DATASET ENTRIES START

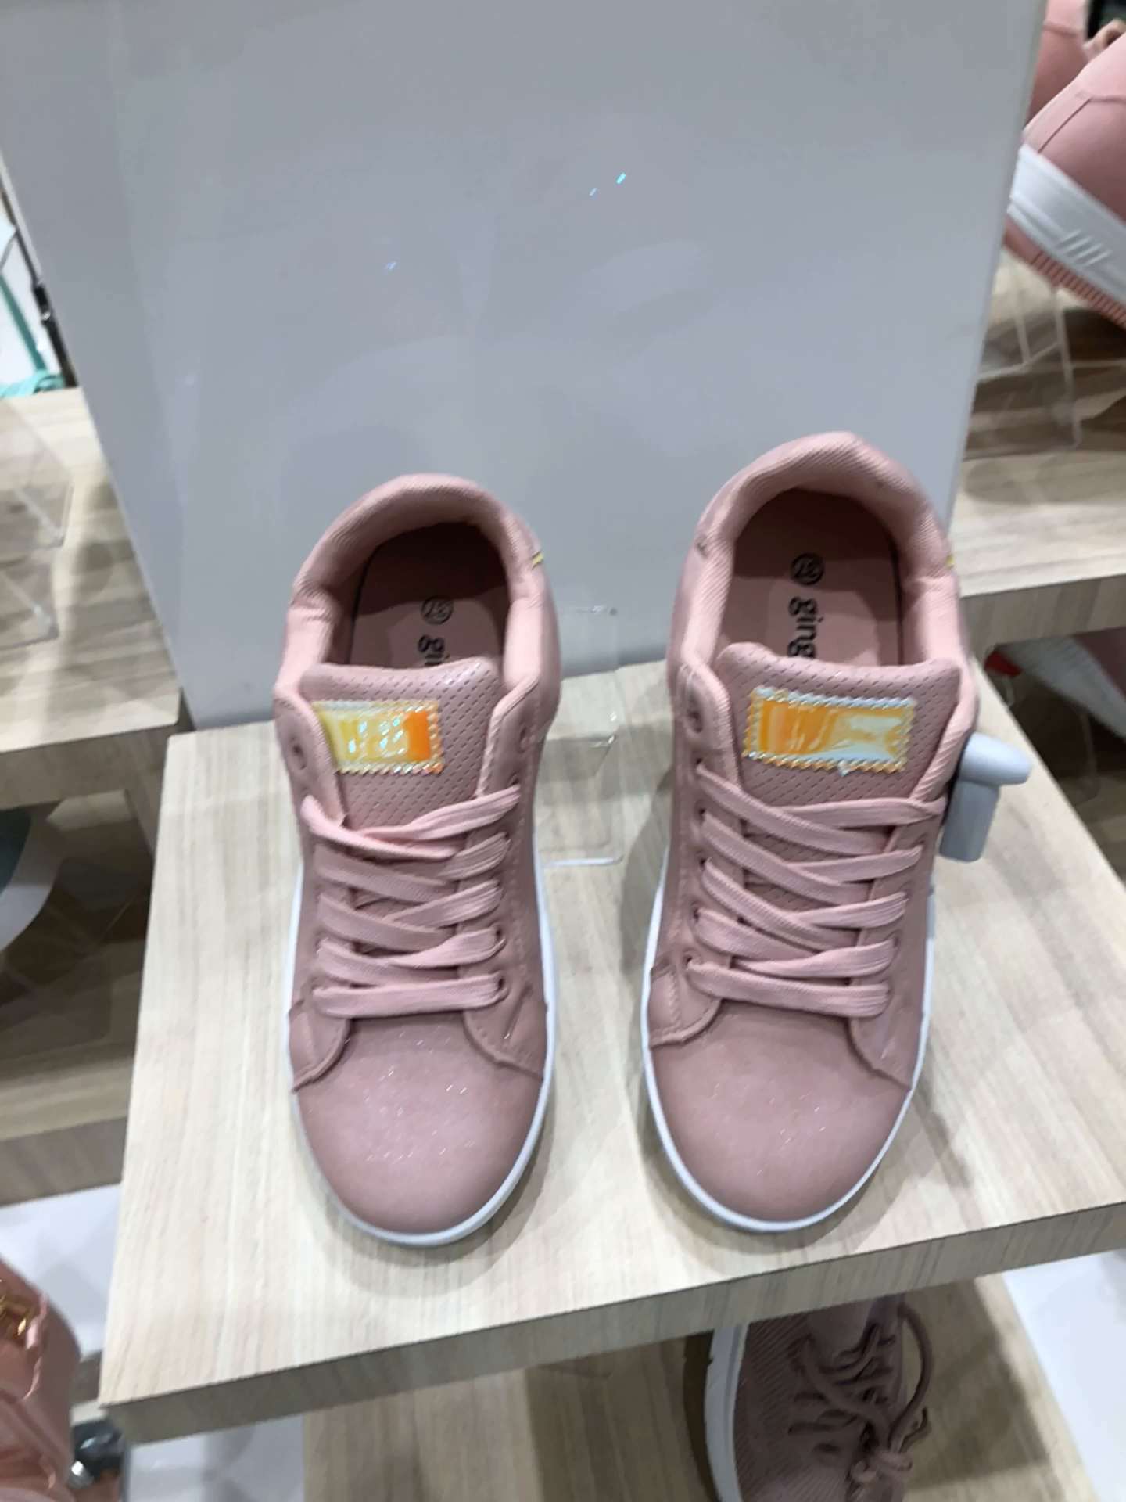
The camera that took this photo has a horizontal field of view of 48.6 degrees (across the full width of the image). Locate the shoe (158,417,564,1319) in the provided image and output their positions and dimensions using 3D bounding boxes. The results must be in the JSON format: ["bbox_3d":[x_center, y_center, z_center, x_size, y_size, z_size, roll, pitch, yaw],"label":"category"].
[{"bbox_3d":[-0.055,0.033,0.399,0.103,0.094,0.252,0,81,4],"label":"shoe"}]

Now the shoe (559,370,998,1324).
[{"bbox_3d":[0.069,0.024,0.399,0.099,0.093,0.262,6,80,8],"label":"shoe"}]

DATASET ENTRIES END
DATASET ENTRIES START

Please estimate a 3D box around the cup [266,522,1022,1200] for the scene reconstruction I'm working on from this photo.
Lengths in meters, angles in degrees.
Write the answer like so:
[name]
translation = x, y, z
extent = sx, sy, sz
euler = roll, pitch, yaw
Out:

DATASET ENTRIES END
DATASET ENTRIES START

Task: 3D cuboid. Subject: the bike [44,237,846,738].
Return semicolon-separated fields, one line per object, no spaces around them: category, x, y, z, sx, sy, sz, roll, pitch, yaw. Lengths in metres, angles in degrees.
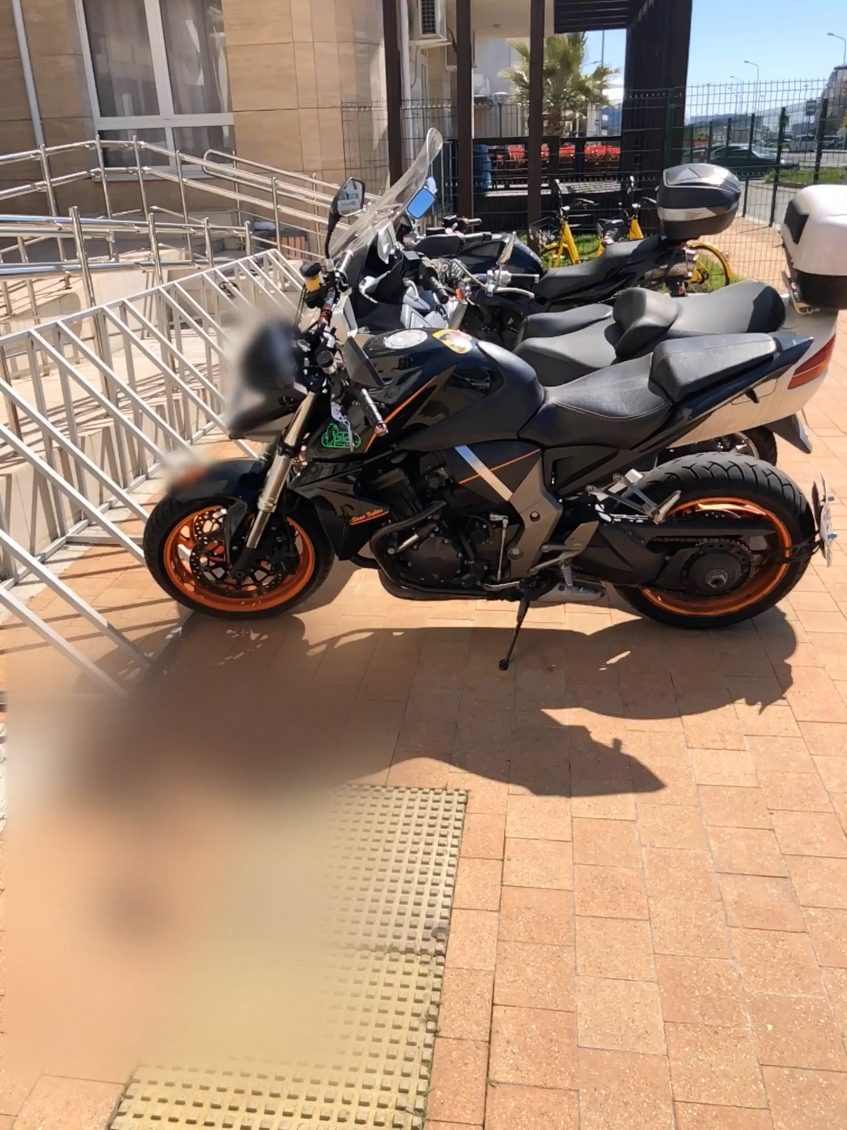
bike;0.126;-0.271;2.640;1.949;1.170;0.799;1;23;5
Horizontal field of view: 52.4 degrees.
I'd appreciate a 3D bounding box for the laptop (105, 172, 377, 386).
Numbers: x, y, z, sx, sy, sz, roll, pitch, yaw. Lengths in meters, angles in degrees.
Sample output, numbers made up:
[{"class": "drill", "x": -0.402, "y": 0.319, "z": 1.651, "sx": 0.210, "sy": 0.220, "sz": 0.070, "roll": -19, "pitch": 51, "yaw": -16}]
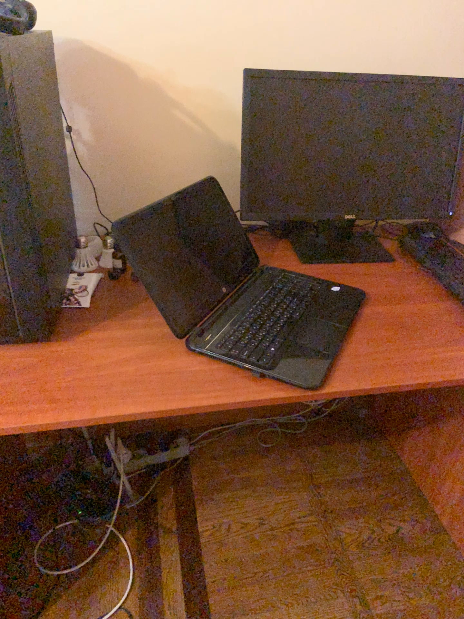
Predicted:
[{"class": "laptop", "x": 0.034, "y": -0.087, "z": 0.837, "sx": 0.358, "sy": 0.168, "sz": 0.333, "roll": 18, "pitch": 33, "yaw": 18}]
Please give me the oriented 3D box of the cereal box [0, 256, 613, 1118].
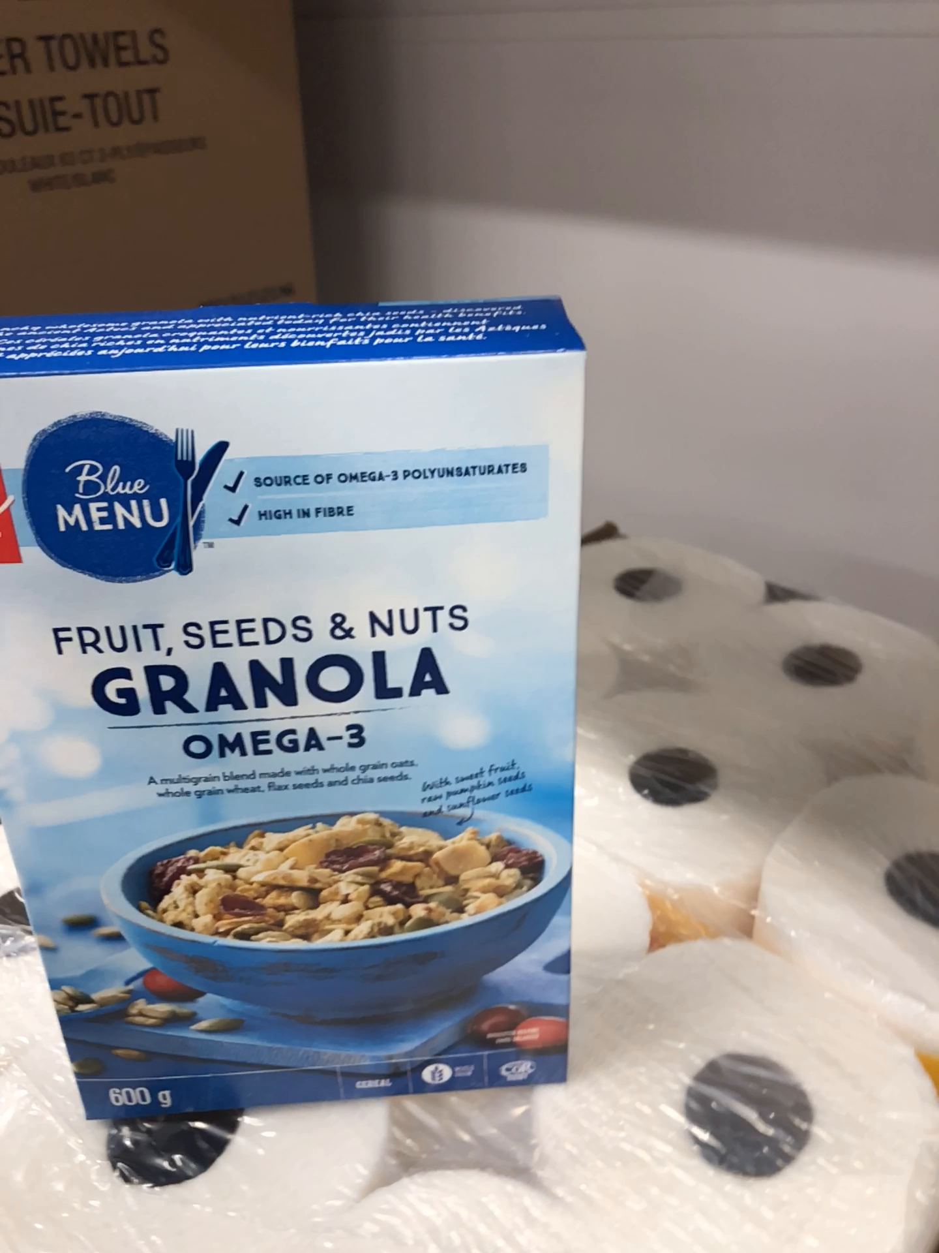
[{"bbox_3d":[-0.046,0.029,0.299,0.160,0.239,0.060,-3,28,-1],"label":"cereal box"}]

DATASET ENTRIES END

Taking the listing as a whole, count how many of its lines contain the word "meters", and reply with that count alone.

2